Here, at Sicily’s most storied hotel, it is said that DH Lawrence found his inspiration to pen Lady Chatterley’s Lover, soon to be followed by Truman Capote who checked in for two years to write Breakfast at Tiffany’s. During the Golden Age of cinema, it was here that Audrey Hepburn, Sophia Loren, Elizabeth Taylor and Federico Fellini stayed for the annual Taormina Film Festival hosted at the Greek Theatre next door.

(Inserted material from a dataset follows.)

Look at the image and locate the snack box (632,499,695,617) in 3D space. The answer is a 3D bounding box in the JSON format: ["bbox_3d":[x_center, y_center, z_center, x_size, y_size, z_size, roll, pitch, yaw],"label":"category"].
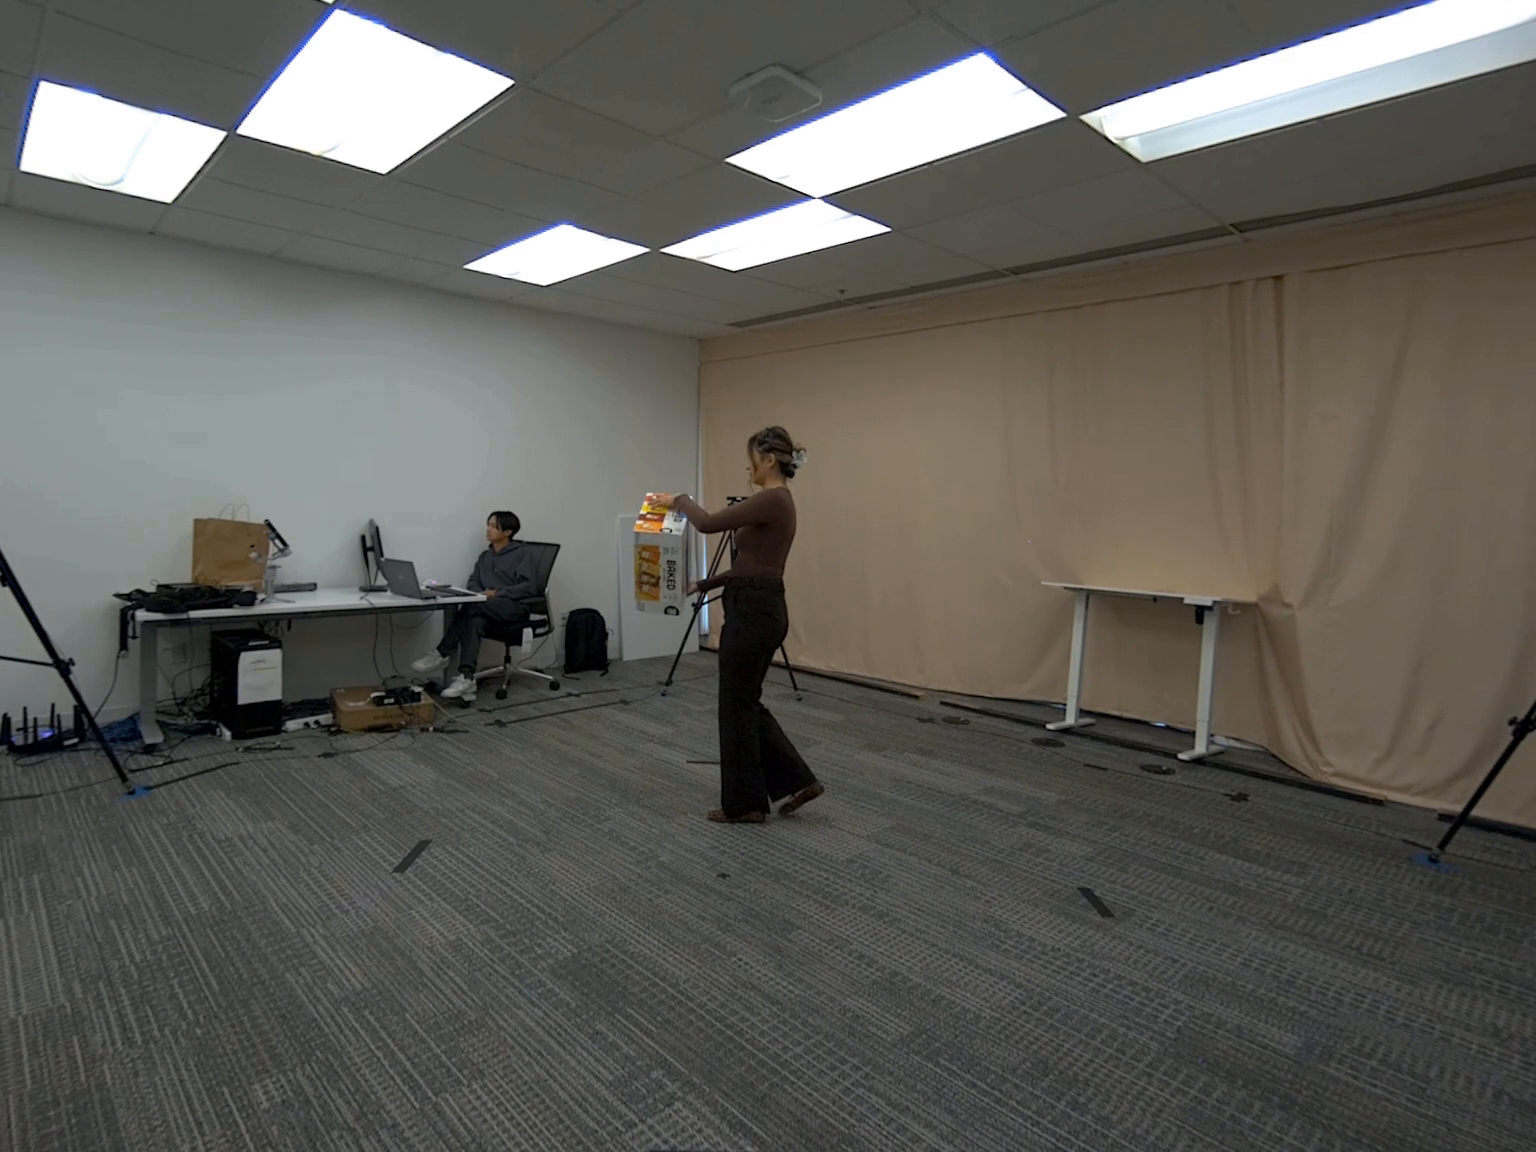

However, it was a young German painter named Otto Geleng who made Taormina, and the hotel, the destination it was to become. In the 1860s the artist, so inspired by the landscape, rented a room in the hotel which was then a guest house. On his return to Germany, his watercolor paintings of Taormina were presented in Berlin and Paris. To his dismay, they flopped. The critics couldn’t believe a location so beautiful could exist and put Geleng’s artworks down to exaggerated fantasies.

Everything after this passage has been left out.